Red and golden beets are mixed with some tangy Roquefort cheese making this salad a winner for those hot summer days. Crunchy brown sugar pecans give a little sweetness!

Ingredients

  • 2 pounds Beets, Half Red And Half Golden
  • ½ cups Extra Virgin Olive Oil
  • 3 Tablespoons Chopped Fresh Rosemary Plus Extra For Garnish
  • 2 Tablespoons Dried Oregano
  • 1 pinch Sea Salt
  • 1 pinch Pepper
  • 1 cup Pecans
  • ½ Tablespoons Brown Sugar
  • 6 ounces, weight Roquefort Cheese

Preparation

Preheat the oven to 375 F. Wash the beets very well then dry them. Chop the golden beets (do them first to avoid staining them from the purple beets) into large chunks. Transfer to a bowl. Chop the purple beets and transfer to another bowl.

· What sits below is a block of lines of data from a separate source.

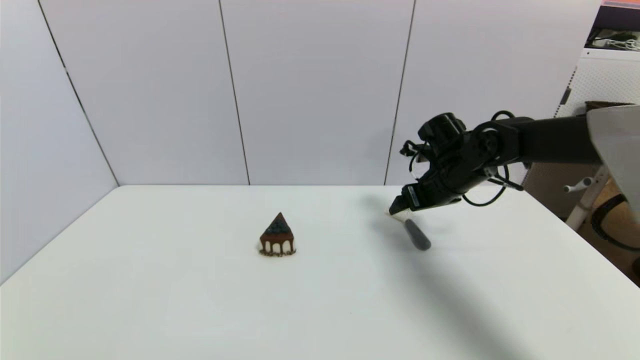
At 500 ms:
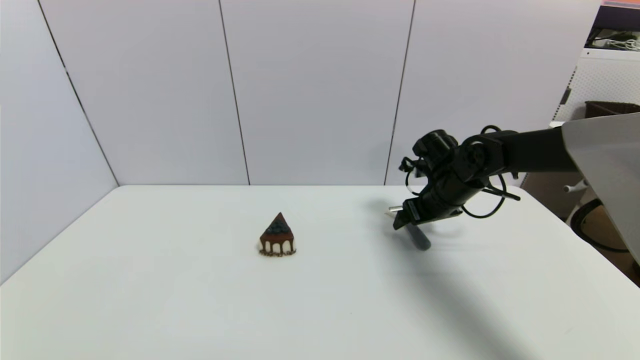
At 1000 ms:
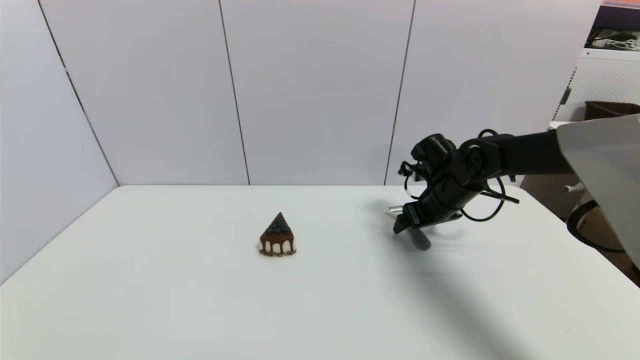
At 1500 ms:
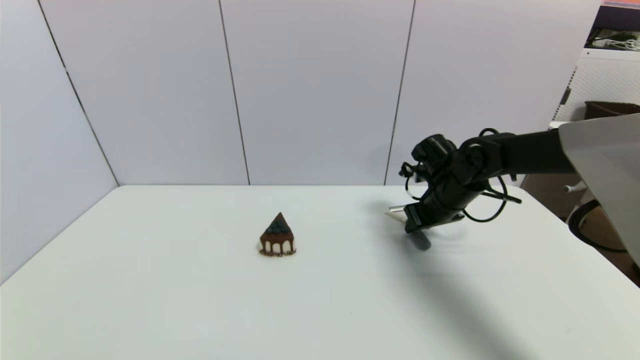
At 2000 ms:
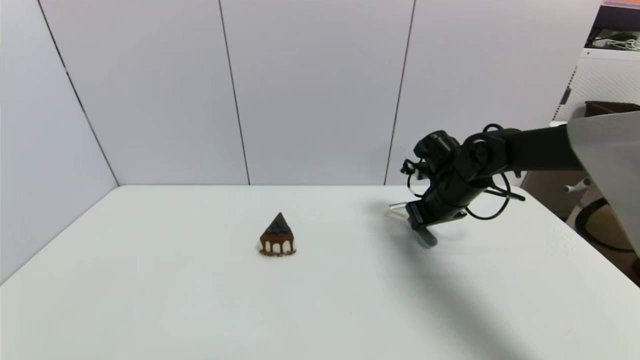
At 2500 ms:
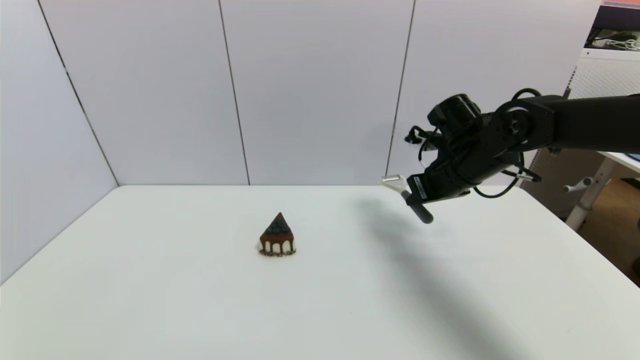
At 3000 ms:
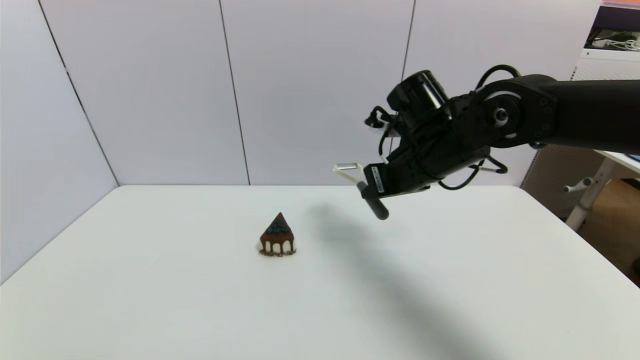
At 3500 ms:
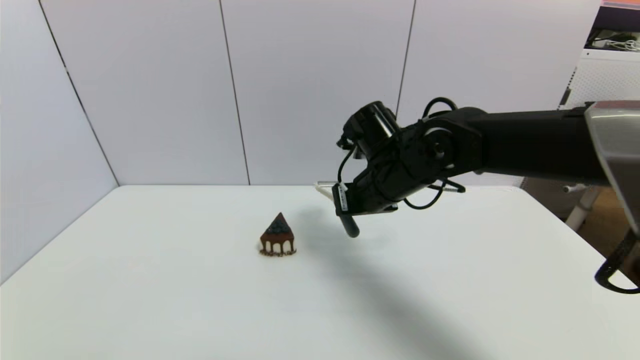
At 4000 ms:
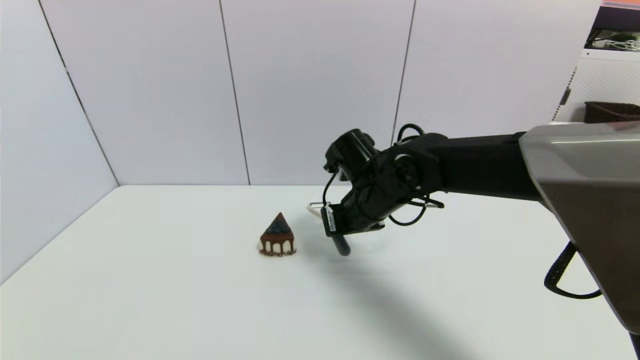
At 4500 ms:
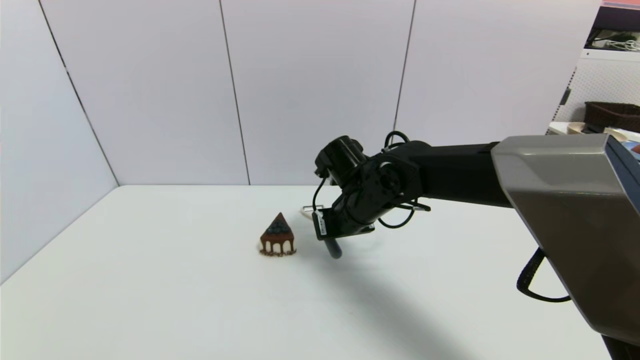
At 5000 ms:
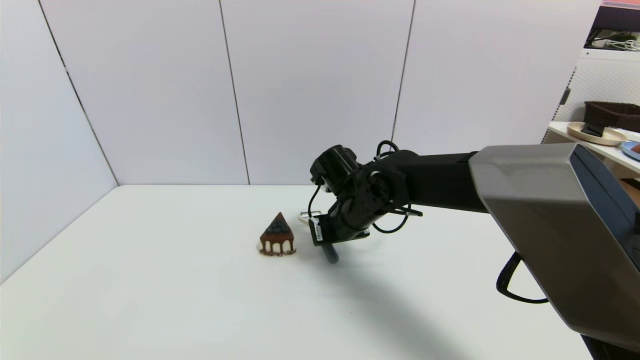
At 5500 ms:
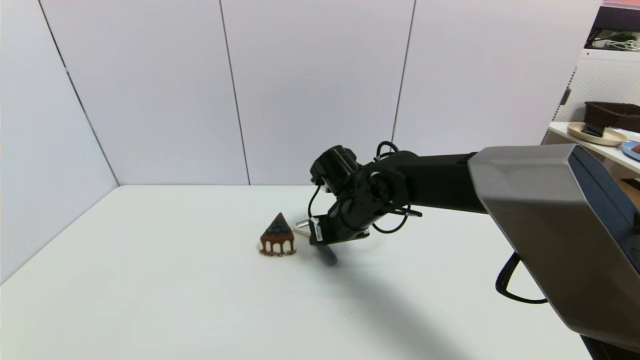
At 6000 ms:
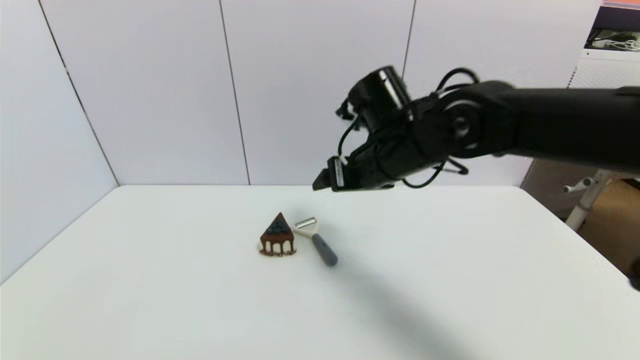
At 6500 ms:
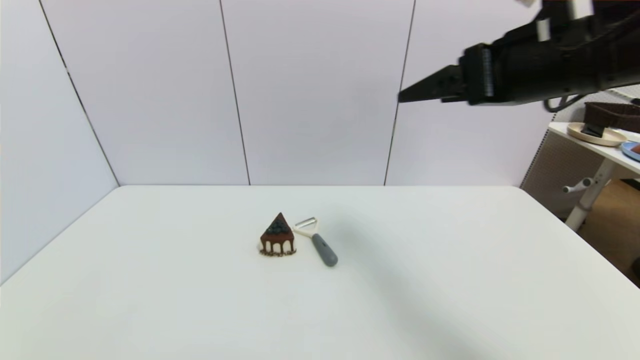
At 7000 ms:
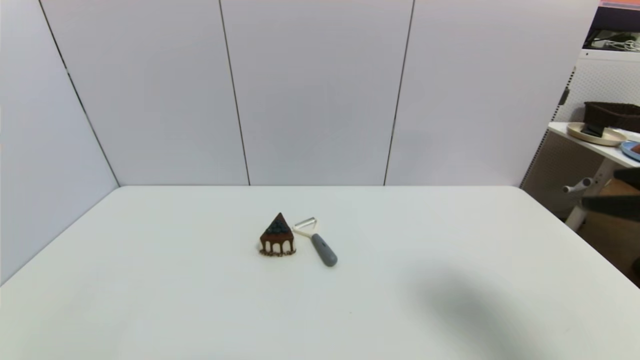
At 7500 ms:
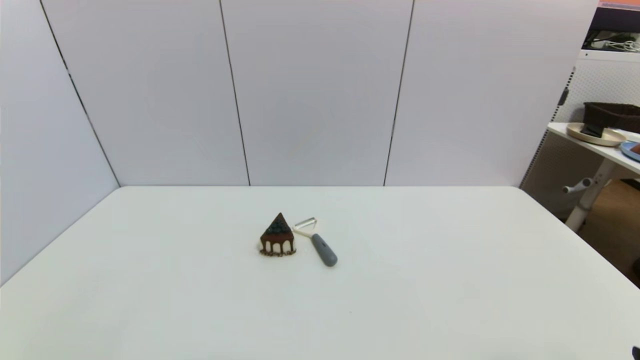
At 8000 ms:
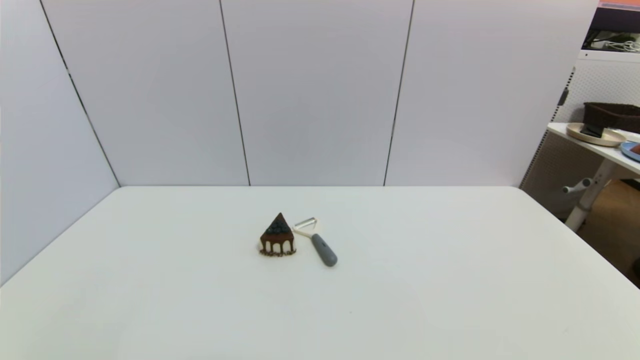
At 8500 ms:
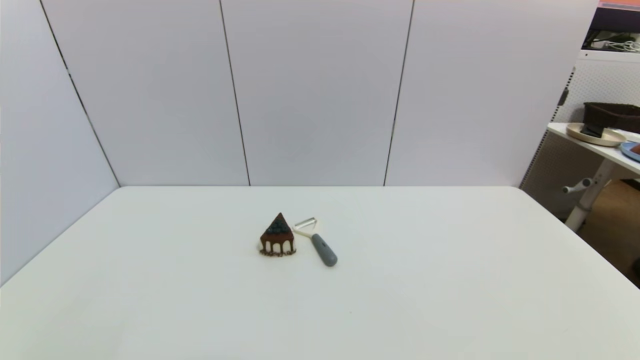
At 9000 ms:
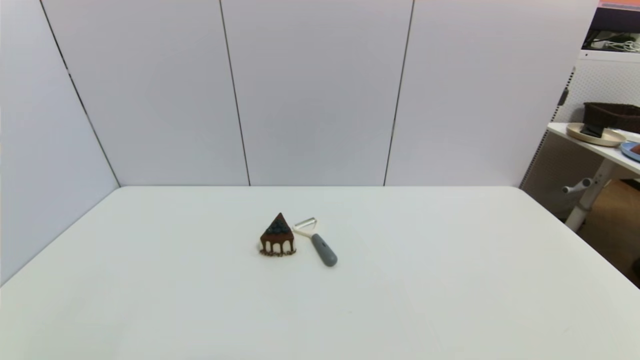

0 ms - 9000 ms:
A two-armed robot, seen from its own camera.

Place 1/4 cup of olive oil into each bowl and add half of the rosemary and oregano to each bowl of beets. Season both bowls with salt and pepper. Toss until well combined.

Lay the purple beets on one baking tray and the golden on another tray. Place the trays in the oven and bake for 45 minutes or until they can be poked with a sharp knife with little resistance. After 20 minutes give each tray a shuffle with a spatula to make sure the beets are cooking evenly.

In the meantime, add the pecans and brown sugar to a saucepan over medium heat and heat until the sugar softens and clings to the pecans, about 10 minutes. Then remove the pan from the heat and set aside to cool.

Once the beets are done let them cool until you can pick them up and peel of the skin side of each chunk. Transfer each color to a bowl as you peel them.

Lay some of each color beet on a plate and top with some of the crumbled cheese and chopped pecans.

Garnish with more chopped rosemary and sea salt.